Ali was next booked to face the former Krush Welterweight champion Kazuki Yamagiawa in the co-main event of Krush 126 on June 25, 2021. He won the fight by unanimous decision. Two of the judges scored the bout 30–28 in his favor, while the third judge awarded him a 30–29 scorecard.

====K-1 Welterweight Grand Prix====
On August 18, 2021, it was announced that Ali would participate in the 2021 K-1 Welterweight World Grand Prix, which was held at K-1 World GP 2021: Yokohamatsuri on September 20, 2021. He was booked to face Ruku Kojima in the tournament quarterfinals. He won the fight by unanimous decision, with two judges scoring the bout 30–28, and the third 30–29, in his favor.

Ali advanced to the semifinals, where he faced the 2017 K-1 Japan Grand Prix super lightweight champion, and tournament favorite, Masaaki Noiri. Ali was knocked down early in the opening round with body strikes, and although he was able to rise in time to beat the eight count, he was quickly knocked down for the second time with a left hook to the body. This resulted in an automatic technical knockout loss for Ali, per the rules of the tournament.

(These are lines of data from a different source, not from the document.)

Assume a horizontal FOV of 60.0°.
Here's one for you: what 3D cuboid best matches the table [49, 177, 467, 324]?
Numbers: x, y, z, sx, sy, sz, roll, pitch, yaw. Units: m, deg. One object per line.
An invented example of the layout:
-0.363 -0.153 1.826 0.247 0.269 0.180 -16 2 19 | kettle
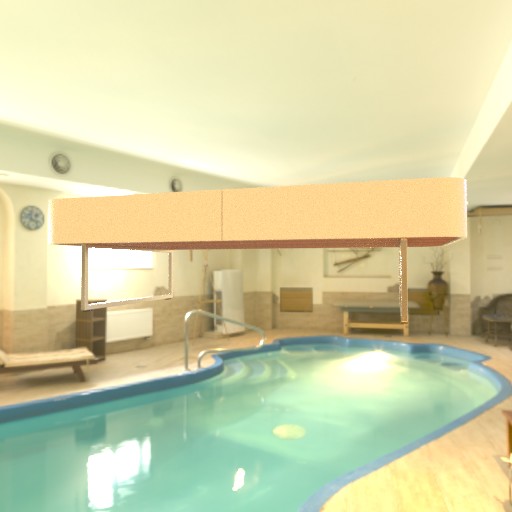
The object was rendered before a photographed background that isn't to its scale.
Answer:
0.000 0.000 1.455 1.200 0.340 0.600 0 -1 17 | table
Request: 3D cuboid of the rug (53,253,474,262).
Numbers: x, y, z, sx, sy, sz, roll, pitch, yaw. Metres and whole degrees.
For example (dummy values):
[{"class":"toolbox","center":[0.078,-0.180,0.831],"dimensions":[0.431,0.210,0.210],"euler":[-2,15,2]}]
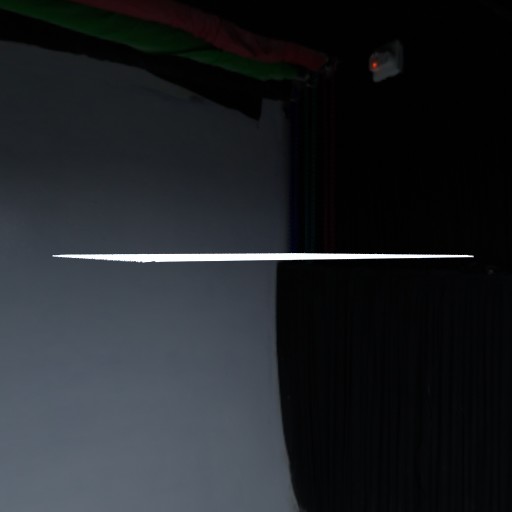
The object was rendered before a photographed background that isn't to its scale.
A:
[{"class":"rug","center":[0.000,0.000,3.900],"dimensions":[2.940,0.013,2.312],"euler":[-1,1,-34]}]

====Krush welterweight champion====
Ayinta was scheduled to challenge the reigning Krush Welterweight titleholder Riki Matsuoka at Krush 134 on February 20, 2022, in what was Matsuoka's first title defense. The fight was ruled a split decision draw following the first three rounds. Ali was awarded the split decision victory after an extra round was contested, with two judges scoring the bout 10–9 for him, while the third judge awarded the same scorecard to Matsuoka.

Ayinta made his first defense against the one-time Krush Super Lightweight title challenger Kota Nakano at Krush 140 on August 27, 2022. He won the fight by a second-round knockout. Ayinta knocked his opponent down twice, both times with a right straight, once in the first round and once in the second round. Although Nakano was able to beat the eight count both times, he was unsteady on his feet following the second knockdown, which forced the referee to wave the fight off.

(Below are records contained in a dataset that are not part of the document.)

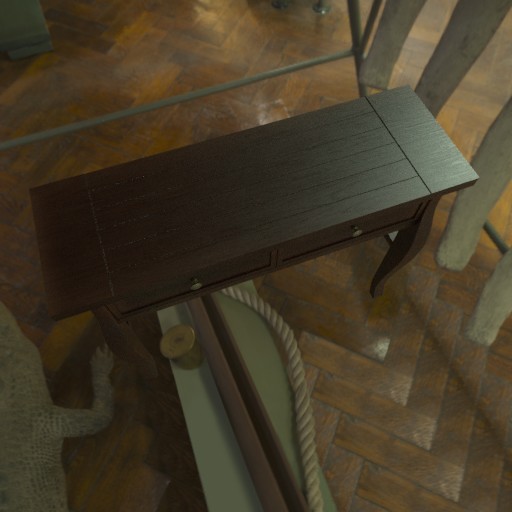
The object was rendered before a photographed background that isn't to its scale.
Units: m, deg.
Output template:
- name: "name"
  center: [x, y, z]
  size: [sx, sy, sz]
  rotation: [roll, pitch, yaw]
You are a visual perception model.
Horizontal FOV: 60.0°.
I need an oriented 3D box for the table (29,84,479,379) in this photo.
- name: "table"
  center: [0.000, 0.000, 1.440]
  size: [1.062, 0.768, 0.373]
  rotation: [-18, 63, -9]
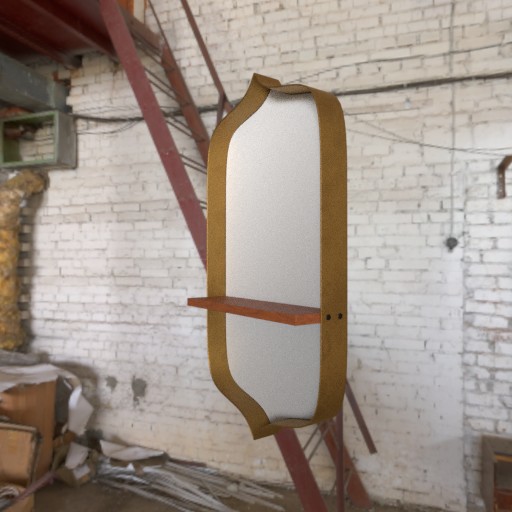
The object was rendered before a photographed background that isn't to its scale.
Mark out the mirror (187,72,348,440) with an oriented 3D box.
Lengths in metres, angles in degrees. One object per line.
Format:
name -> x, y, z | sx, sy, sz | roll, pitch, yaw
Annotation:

Ayinta faced Takumi Sanekata at K-1 World GP 2023: K'Festa 6 on March 12, 2023. He won the fight by unanimous decision, with all three judges awarding him a 30–28 scorecard.

Ayinta faced the four-weight Rajadamnern Stadium champion Jomthong Strikergym at K-1 World GP 2023 on July 17, 2023. He lost the fight by unanimous decision, with two scorecards of 30–26 and one scorecard of 30–27.

On February 20, 2025, it was announced that Ali had vacated his Krush Welterweight title as he planned a transition to MMA.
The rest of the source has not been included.